Concordo che il consumismo (avere oggetti inutili, spesso tecnologici) serve per riempire il vuoto che è dentro di noi, stesso di scorso per le mode e gli hobby. Posso anche concordare che taluni rapporti umani siano anch'essi finzione, ma senza tutte queste “cose” si vivrebbe da semi eremiti. Secondo Carla Ricci bisognerebbe “saper perdere tutto”, sembra quasi un dogma di una nuova religione giapponese.

Capitolo 7: Viaggio di un maestro di Haiku
Cantico di coscienza universale
Questo capitolo è simile al quarto, solo che in questo sono riportati gli scritti del poeta e grande viaggiatore Matsuo Basho (1644-1694), primo creatore della forma poetica haiku. Sono commentate la vita e le scelte di frugalità di Basho. La mia valutazione è la medesima del quarto capitolo.
Comunque può risultare un capitolo interessante per chi conosce ed apprezza la figura del poeta niponico.

Capitolo 8: Il magistrale insegnamento
Viene affrontato il rapporto madre/figlio, anche in connessione con il fenomeno hikikomori. In pratica alcune madri vogliono protrarre la gratificazione data dal rapporto di complicità e dipendenza col figlio neonato anche quando questi è divenuto adolescente, creando una dipendenza reciproca.

Capitolo 9: Camminando la vita
Capitolo come il quarto e il settimo, soggetto è Shoichi Taneda (1882-1940), che cambio il suo nome in Santoka, poeta e monaco questuante. Carla Ricci riporta e commenta la sua storia, i suoi diari e le sue poesie haiku.
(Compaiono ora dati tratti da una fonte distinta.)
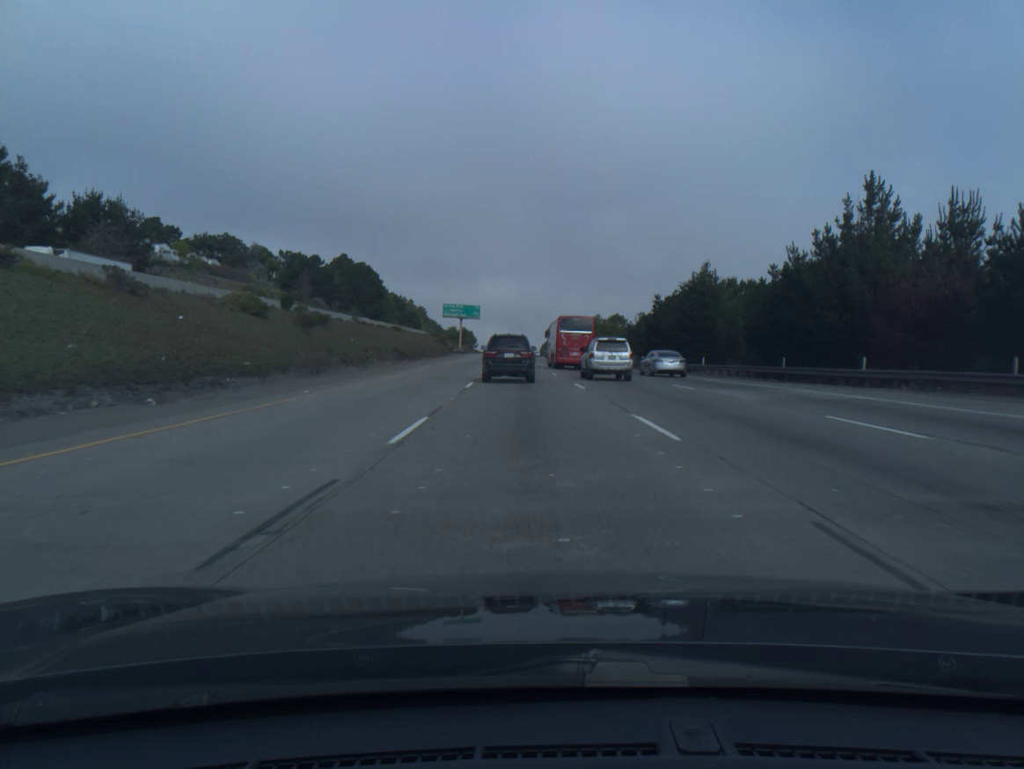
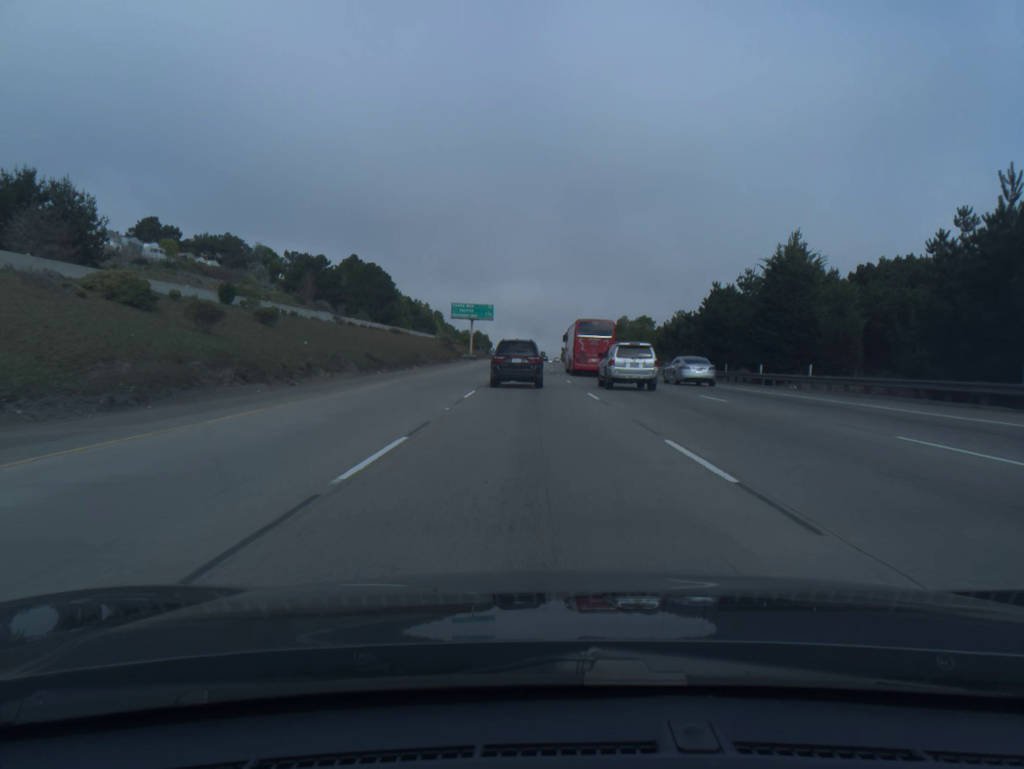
(-0.3, +17.4) m; -2°
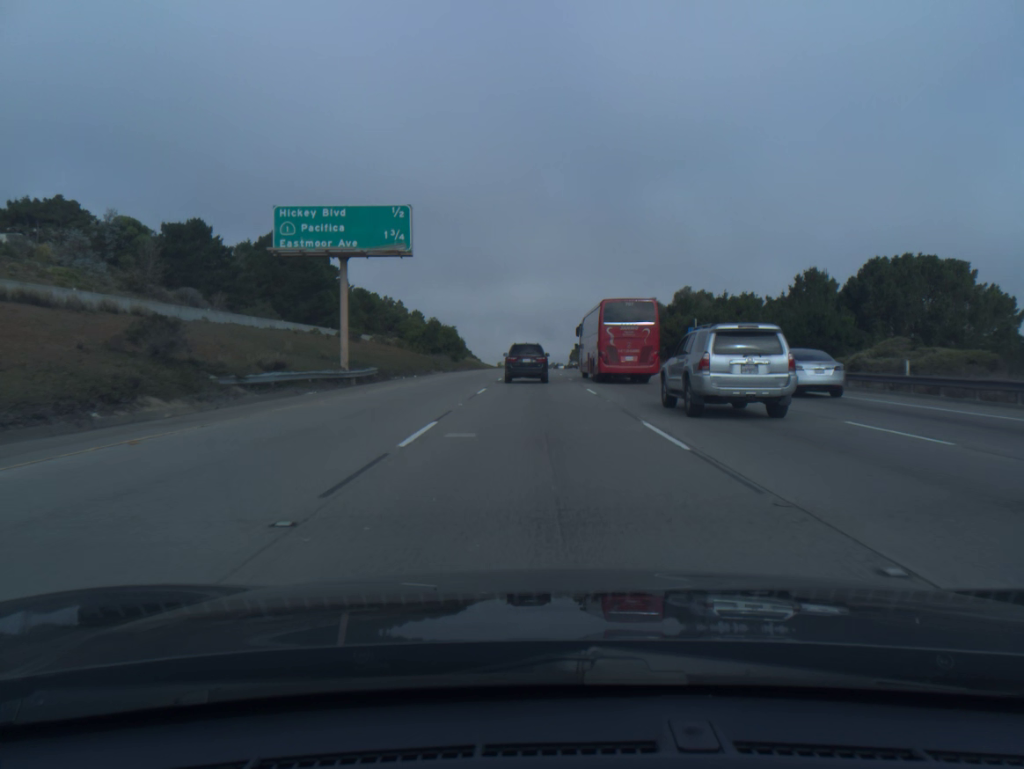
(-1.3, +84.8) m; 0°
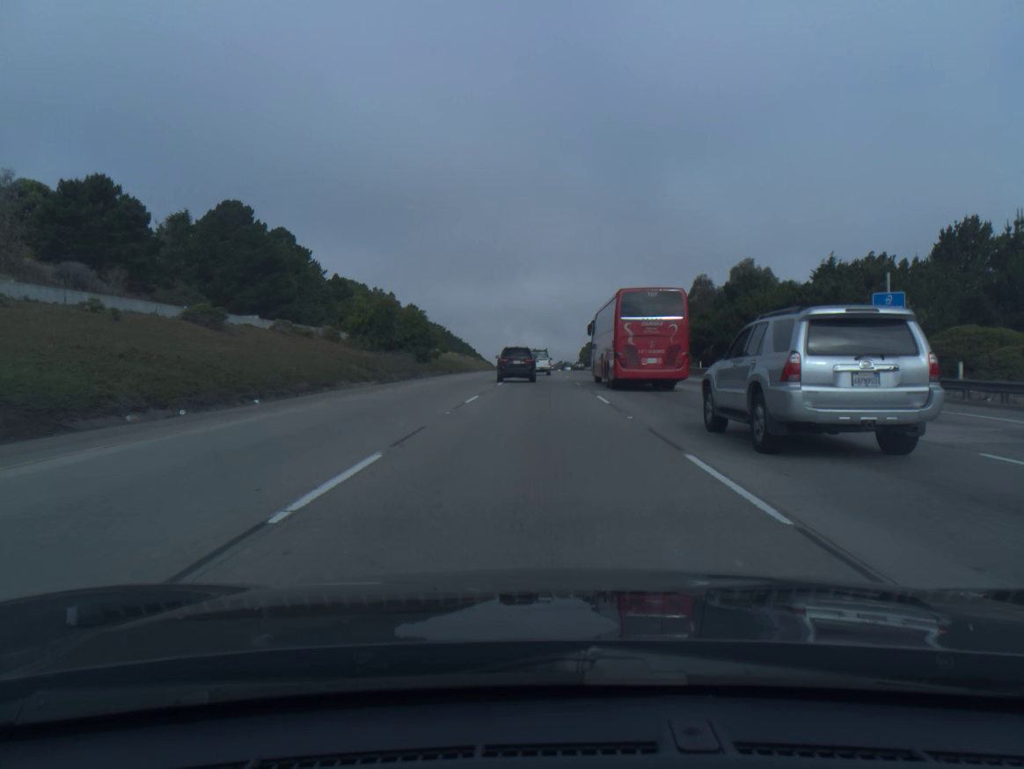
(-0.1, +33.6) m; -1°
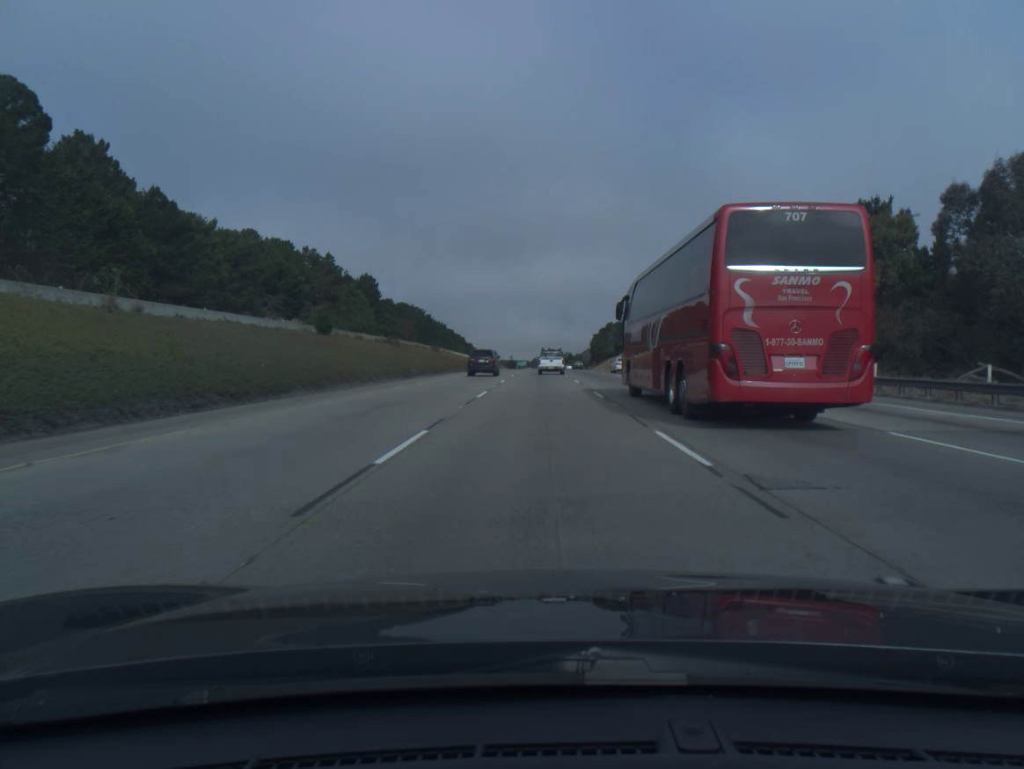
(-0.1, +84.7) m; 0°
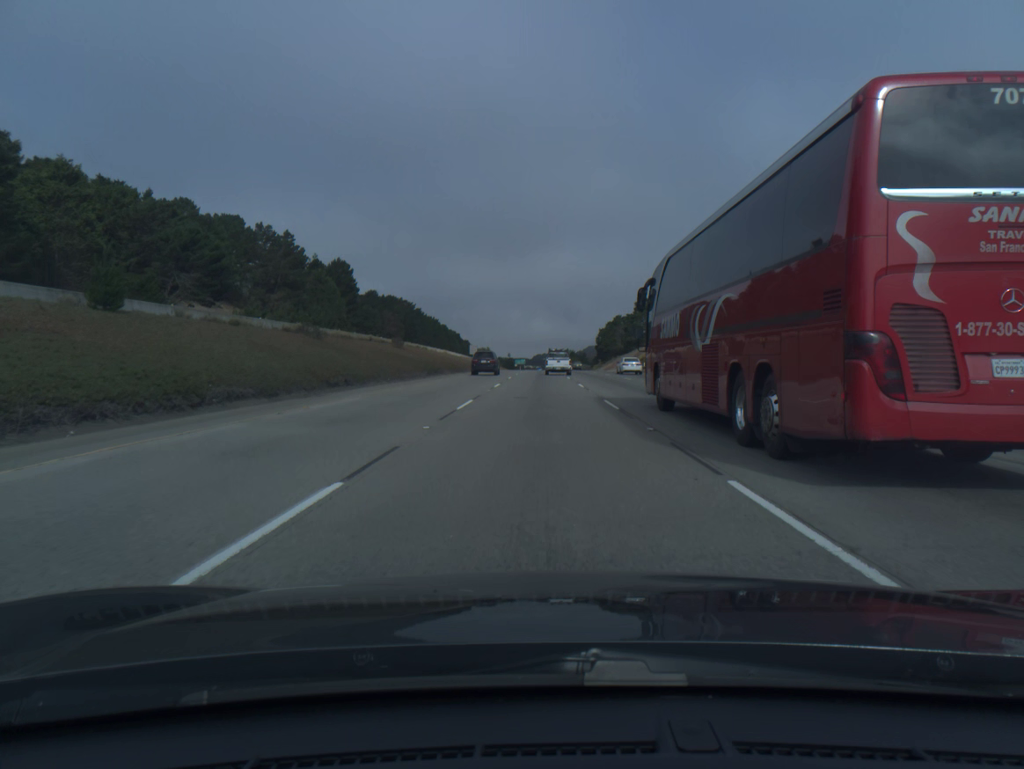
(0.0, +34.0) m; 0°
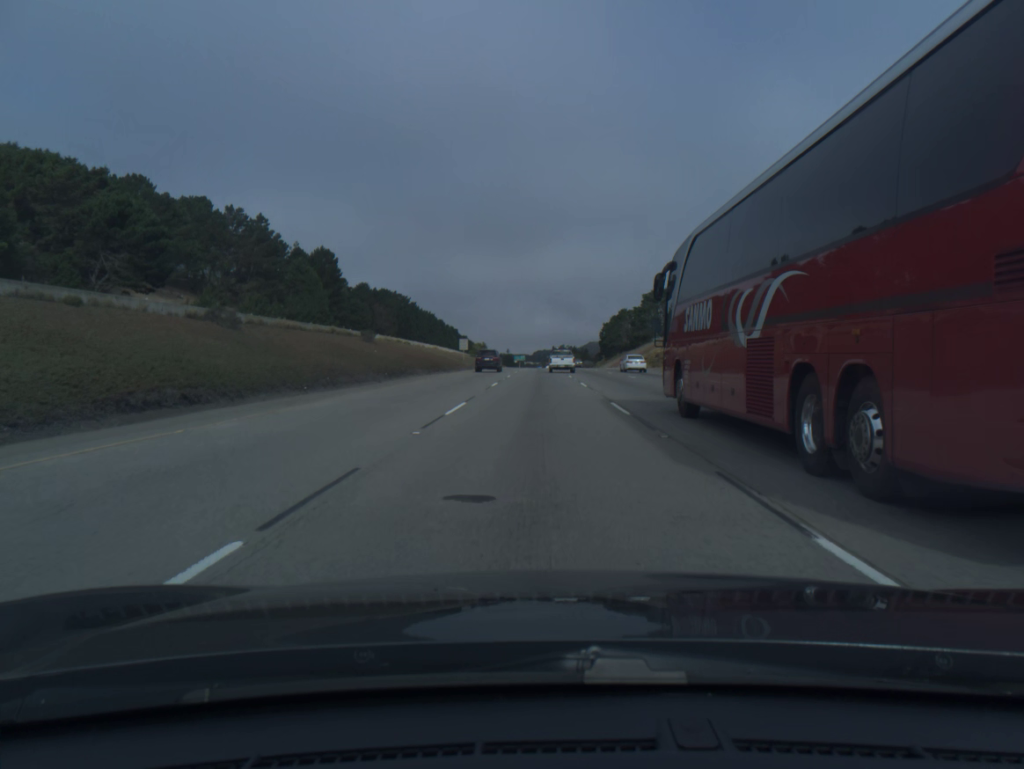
(0.0, +17.0) m; 0°

La filosofia di questo capitolo è la medesima degli altri due (ma anche di gran parte del libro), l'esaltazione del “saper perdere tutto” e della solitudine cercata e non subita.

Capitolo 10: Il buio di Tokyo
L'ultimo brevissimo capitolo sono delle considerazioni dell'autrice sullo stato d'animo dovuto al cataclisma naturale e tecnologico del 11 marzo 2011 (terremoto, tsunami, disastro nucleare).